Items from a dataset
****************************************

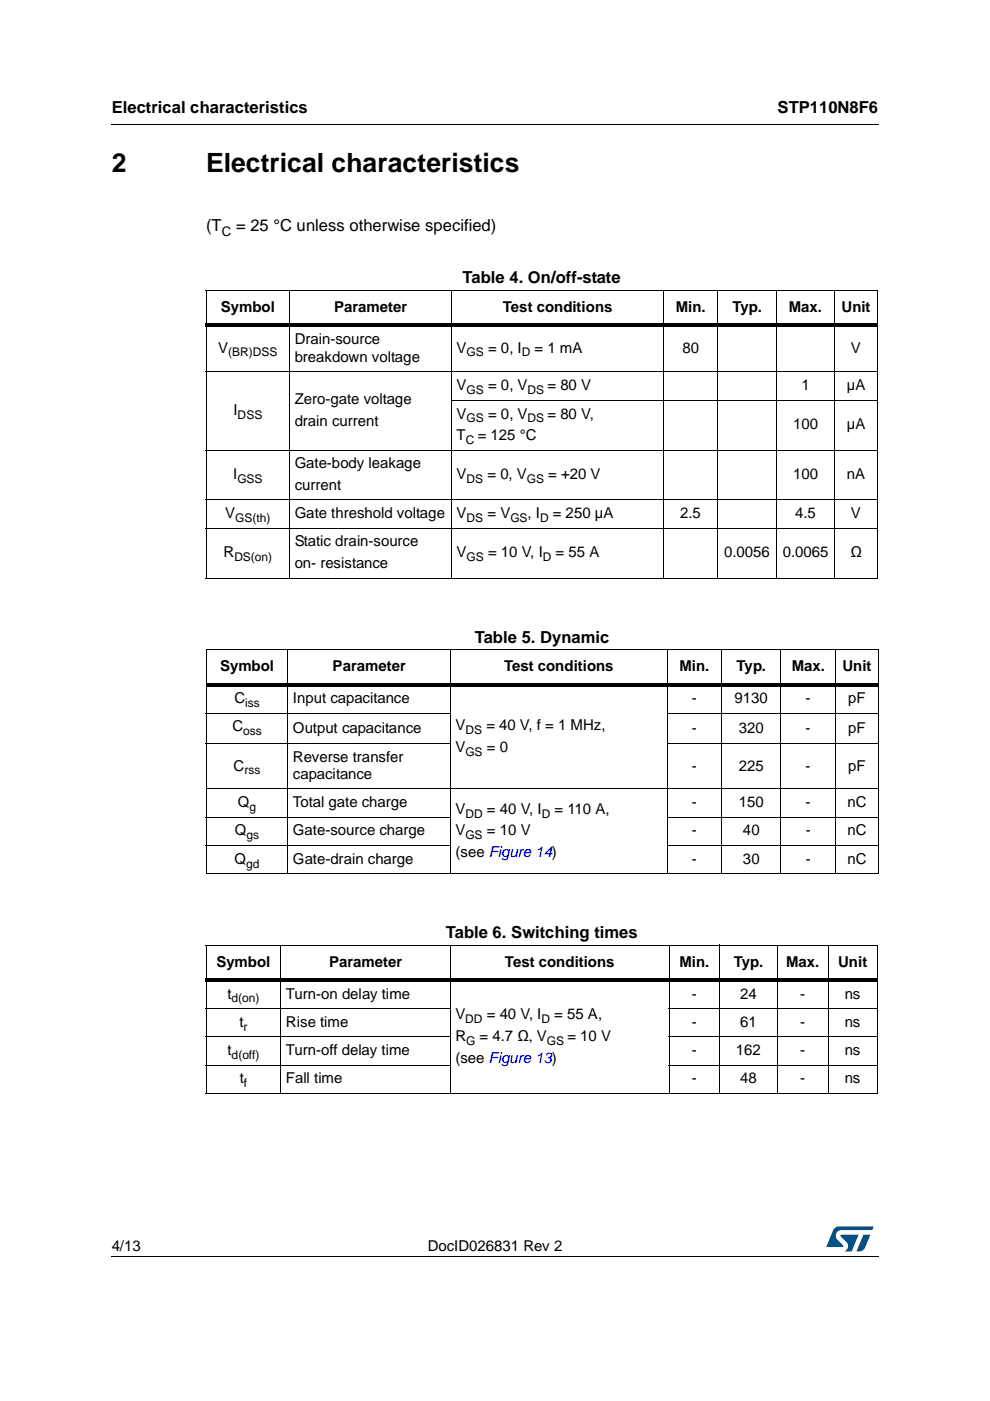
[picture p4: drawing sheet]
<svg xmlns="http://www.w3.org/2000/svg" width="210mm" height="297mm" viewBox="0 0 210 297" stroke-linecap="round" stroke-linejoin="round" font-family="sans-serif">
<defs><g id="words">
<g font-size="5.6">
<text x="23.7" y="36.4">2</text>
<text x="43.7" y="36.4">Electrical characteristics</text>
</g>
<g font-size="3.5">
<text x="23.7" y="23.9">Electrical characteristics</text>
<text x="164.9" y="23.9">STP110N8F6</text>
<text x="43.7" y="49.1">(T</text>
<text x="50" y="49.1">= 25 °C unless otherwise specified)</text>
<text x="98.1" y="60">Table 4. On/off-state</text>
<text x="100.7" y="136.2">Table 5. Dynamic</text>
<text x="94.5" y="198.9">Table 6. Switching times</text>
</g>
<g font-size="3.2">
<text x="46.8" y="66.1">Symbol</text>
<text x="70.8" y="66.1">Parameter</text>
<text x="106.6" y="66.1">Test conditions</text>
<text x="143.3" y="66.1">Min.</text>
<text x="155.3" y="66.1">Typ.</text>
<text x="167.3" y="66.1">Max.</text>
<text x="178.4" y="66.1">Unit</text>
<text x="46.3" y="74.8">V</text>
<text x="62.5" y="72.9">Drain-source</text>
<text x="62.5" y="76.7">breakdown voltage</text>
<text x="96.8" y="74.8">V</text>
<text x="103.5" y="74.8">= 0, I</text>
<text x="113.3" y="74.8">= 1 mA</text>
<text x="144.7" y="74.8">80</text>
<text x="180.4" y="74.8">V</text>
<text x="96.8" y="82.7">V</text>
<text x="103.5" y="82.7">= 0, V</text>
<text x="116.1" y="82.7">= 80 V</text>
<text x="169.9" y="82.7">1</text>
<text x="179.5" y="82.7">µA</text>
<text x="49.5" y="88">I</text>
<text x="62.5" y="85.7">Zero-gate voltage</text>
<text x="96.8" y="88.7">V</text>
<text x="103.5" y="88.7">= 0, V</text>
<text x="116.1" y="88.7">= 80 V,</text>
<text x="62.5" y="90.3">drain current</text>
<text x="96.8" y="93.3">T</text>
<text x="101.3" y="93.3">= 125 °C</text>
<text x="168.1" y="91">100</text>
<text x="179.5" y="91">µA</text>
<text x="49.4" y="101.6">I</text>
<text x="62.5" y="99.3">Gate-body leakage</text>
<text x="96.8" y="101.6">V</text>
<text x="103.3" y="101.6">= 0, V</text>
<text x="116.2" y="101.6">= +20 V</text>
<text x="168.2" y="101.6">100</text>
<text x="179.6" y="101.6">nA</text>
<text x="62.5" y="103.9">current</text>
<text x="47.8" y="109.9">V</text>
<text x="62.5" y="109.9">Gate threshold voltage</text>
<text x="96.8" y="109.9">V</text>
<text x="103.3" y="109.9">= V</text>
<text x="111.8" y="109.9">, I</text>
<text x="117.2" y="109.9">= 250 µA</text>
<text x="144.2" y="109.9">2.5</text>
<text x="168.6" y="109.9">4.5</text>
<text x="180.4" y="109.9">V</text>
<text x="47.4" y="118.2">R</text>
<text x="62.5" y="115.9">Static drain-source</text>
<text x="96.8" y="118.2">V</text>
<text x="103.5" y="118.2">= 10 V, I</text>
<text x="117.8" y="118.2">= 55 A</text>
<text x="153.5" y="118.2">0.0056</text>
<text x="165.9" y="118.2">0.0065</text>
<text x="180.3" y="118.2">Ω</text>
<text x="62.5" y="120.5">on- resistance</text>
<text x="46.7" y="142.3">Symbol</text>
<text x="70.5" y="142.3">Parameter</text>
<text x="106.9" y="142.3">Test conditions</text>
<text x="144.1" y="142.3">Min.</text>
<text x="156.2" y="142.3">Typ.</text>
<text x="167.9" y="142.3">Max.</text>
<text x="178.6" y="142.3">Unit</text>
<text x="49.7" y="149.1">C</text>
<text x="62.1" y="149.1">Input capacitance</text>
<text x="146.7" y="149.1">-</text>
<text x="155.7" y="149.1">9130</text>
<text x="170.8" y="149.1">-</text>
<text x="179.8" y="149.1">pF</text>
<text x="49.3" y="155">C</text>
<text x="62.1" y="155.3">Output capacitance</text>
<text x="96.6" y="154.8">V</text>
<text x="103.1" y="154.8">= 40 V, f = 1 MHz,</text>
<text x="146.7" y="155.3">-</text>
<text x="156.6" y="155.3">320</text>
<text x="170.8" y="155.3">-</text>
<text x="179.8" y="155.3">pF</text>
<text x="62.1" y="161.6">Reverse transfer</text>
<text x="96.6" y="159.4">V</text>
<text x="103.3" y="159.4">= 0</text>
<text x="49.5" y="163.4">C</text>
<text x="62.1" y="165.1">capacitance</text>
<text x="146.7" y="163.4">-</text>
<text x="156.6" y="163.4">225</text>
<text x="170.8" y="163.4">-</text>
<text x="179.8" y="163.4">pF</text>
<text x="50.4" y="171.2">Q</text>
<text x="62.1" y="171.2">Total gate charge</text>
<text x="96.6" y="172.6">V</text>
<text x="103.3" y="172.6">= 40 V, I</text>
<text x="117.6" y="172.6">= 110 A,</text>
<text x="146.7" y="171.2">-</text>
<text x="156.6" y="171.2">150</text>
<text x="170.8" y="171.2">-</text>
<text x="179.7" y="171.2">nC</text>
<text x="49.8" y="177.1">Q</text>
<text x="62.1" y="177.1">Gate-source charge</text>
<text x="96.6" y="177.1">V</text>
<text x="103.3" y="177.1">= 10 V</text>
<text x="146.7" y="177.1">-</text>
<text x="157.5" y="177.1">40</text>
<text x="170.8" y="177.1">-</text>
<text x="179.7" y="177.1">nC</text>
<text x="49.7" y="183.1">Q</text>
<text x="62.1" y="183.1">Gate-drain charge</text>
<text x="96.6" y="181.7">(see Figure 14)</text>
<text x="146.7" y="183.1">-</text>
<text x="157.5" y="183.1">30</text>
<text x="170.8" y="183.1">-</text>
<text x="179.7" y="183.1">nC</text>
<text x="45.9" y="205">Symbol</text>
<text x="69.8" y="205">Parameter</text>
<text x="107.1" y="205">Test conditions</text>
<text x="144.1" y="205">Min.</text>
<text x="155.6" y="205">Typ.</text>
<text x="166.7" y="205">Max.</text>
<text x="177.7" y="205">Unit</text>
<text x="48.3" y="211.7">t</text>
<text x="60.6" y="211.7">Turn-on delay time</text>
<text x="146.7" y="211.7">-</text>
<text x="156.9" y="211.7">24</text>
<text x="169.7" y="211.7">-</text>
<text x="179.1" y="211.7">ns</text>
<text x="50.8" y="217.7">t</text>
<text x="60.6" y="217.7">Rise time</text>
<text x="96.6" y="216.1">V</text>
<text x="96.6" y="220.7">R</text>
<text x="101.7" y="220.7">= 4.7 Ω, V</text>
<text x="103.2" y="216.1">= 40 V, I</text>
<text x="117.5" y="216.1">= 55 A,</text>
<text x="120.3" y="220.7">= 10 V</text>
<text x="146.7" y="217.7">-</text>
<text x="156.9" y="217.7">61</text>
<text x="169.7" y="217.7">-</text>
<text x="179.1" y="217.7">ns</text>
<text x="48.3" y="223.7">t</text>
<text x="60.6" y="223.7">Turn-off delay time</text>
<text x="96.6" y="225.3">(see Figure 13)</text>
<text x="146.7" y="223.7">-</text>
<text x="156" y="223.7">162</text>
<text x="169.7" y="223.7">-</text>
<text x="179.1" y="223.7">ns</text>
<text x="50.8" y="229.7">t</text>
<text x="60.6" y="229.7">Fall time</text>
<text x="146.7" y="229.7">-</text>
<text x="156.9" y="229.7">48</text>
<text x="169.7" y="229.7">-</text>
<text x="179.1" y="229.7">ns</text>
<text x="23.7" y="265.1">4/13</text>
<text x="90.7" y="265.1">DocID026831 Rev 2</text>
</g>
<text font-size="2.8" x="47" y="50">C</text>
<g font-size="2.5">
<text x="48.4" y="75.6">(BR)DSS</text>
<text x="98.9" y="75.6">GS</text>
<text x="110.6" y="75.6">D</text>
<text x="98.9" y="83.5">GS</text>
<text x="111.8" y="83.5">DS</text>
<text x="50.4" y="88.8">DSS</text>
<text x="98.9" y="89.5">GS</text>
<text x="111.8" y="89.5">DS</text>
<text x="98.8" y="94.1">C</text>
<text x="50.3" y="102.4">GSS</text>
<text x="98.9" y="102.4">DS</text>
<text x="111.7" y="102.4">GS</text>
<text x="49.9" y="110.7">GS(th)</text>
<text x="98.9" y="110.7">DS</text>
<text x="108.2" y="110.7">GS</text>
<text x="114.5" y="110.7">D</text>
<text x="49.7" y="119">DS(on)</text>
<text x="98.9" y="119">GS</text>
<text x="115.1" y="119">D</text>
<text x="52" y="149.8">iss</text>
<text x="51.6" y="155.8">oss</text>
<text x="98.7" y="155.6">DS</text>
<text x="98.7" y="160.2">GS</text>
<text x="51.8" y="164.2">rss</text>
<text x="52.9" y="172">g</text>
<text x="98.7" y="173.4">DD</text>
<text x="114.9" y="173.4">D</text>
<text x="52.3" y="177.9">gs</text>
<text x="98.7" y="177.9">GS</text>
<text x="52.2" y="183.9">gd</text>
<text x="49.1" y="212.5">d(on)</text>
<text x="51.6" y="218.5">r</text>
<text x="98.6" y="216.9">DD</text>
<text x="98.8" y="221.5">G</text>
<text x="114.8" y="216.9">D</text>
<text x="116" y="221.5">GS</text>
<text x="49.1" y="224.5">d(off)</text>
<text x="51.7" y="230.5">f</text>
</g>
</g></defs>
<path d="M23.6 26.2l.1 .2zM23.6 266.3l.1 .1z" fill="#000"/>
<path d="M23.7 26.3h162.6M23.7 266.4h162.6" fill="none" stroke="#000" stroke-width=".21"/>
<path d="M175.2 260h10v5.3h-10z" fill="#fff"/>
<g fill="#005189">
<path d="M176.9 260.5l1-.5 7.3 .1-.3 .7h-6.4a1.31 1.31 0 0 0-1.3 1.1 1.31 1.31 0 0 0 .8 1.4l.7 .7 .1 .3-3.6 .1z"/>
<path d="M183.1 261.8h1.4l-.6 1.6a2.16 2.16 0 0 1-1.3 1.9l-1-.1z"/>
<path d="M178.3 261.8l3.7 .1-1.4 3.3-1.5 .1a1.43 1.43 0 0 0 .6-1.7l-1.4-1.4z"/>
</g>
<g fill="none" stroke="#000" stroke-width=".21">
<path d="M43.6 61.6h142.5M43.6 78.8h142.5M43.7 61.6v60.9M61.4 61.5v61.2M95.8 61.5v61.2M140.7 61.5v61.2M152.2 61.5v61.2M164.6 61.5v61.2M177 61.5v61.2M186 61.6v60.9M43.6 95.4h142.5M95.7 84.8h90.4"/>
<path d="M43.6 106h142.5M43.6 112h142.5M43.6 122.6h142.5M43.6 137.8h142.7M43.7 137.8v47.4M61 137.7v47.6M95.5 137.7v47.6M141.4 137.7v47.6M153 137.7v47.6M165.6 137.7v47.6M177.2 137.7v47.6M186.2 137.8v47.4"/>
<path d="M43.6 151.2h52M43.6 157.7h52M141.4 151.2h44.9M141.4 157.7h44.9M43.6 167.3h142.7M43.6 173.3h52M43.6 179.2h52M141.4 173.3h44.9M141.4 179.2h44.9M43.6 185.3h142.7M43.6 200.4h142.5M43.6 213.8h52"/>
<path d="M43.6 219.8h52M43.7 200.5v31.2M59.6 200.3v31.6M95.5 200.3v31.6M141.8 213.8h44.3M141.8 219.8h44.3M141.9 200.3v31.6M152.6 200.3v31.6M164.8 200.3v31.6M175.6 200.3v31.6M186.1 200.5v31.2M43.6 225.8h52"/>
<path d="M43.6 231.8h108.9M141.8 225.8h44.3M152.7 231.8h12M164.9 231.8h21.2"/>
</g>
<path d="M43.6 68.6h142.5v.7h-142.5zM43.6 144.8h142.7v.7h-142.7zM43.6 207.5h142.5v.7h-142.5z" fill="#000"/>
<use href="#words"/>
</svg>

****************************************

* **Task description**:
Go through the data and copy every line that includes "width".

* **Answer space**:
<svg xmlns="http://www.w3.org/2000/svg" width="210mm" height="297mm" viewBox="0 0 210 297" stroke-linecap="round" stroke-linejoin="round" font-family="sans-serif">
<path d="M23.7 26.3h162.6M23.7 266.4h162.6" fill="none" stroke="#000" stroke-width=".21"/>
<g fill="none" stroke="#000" stroke-width=".21">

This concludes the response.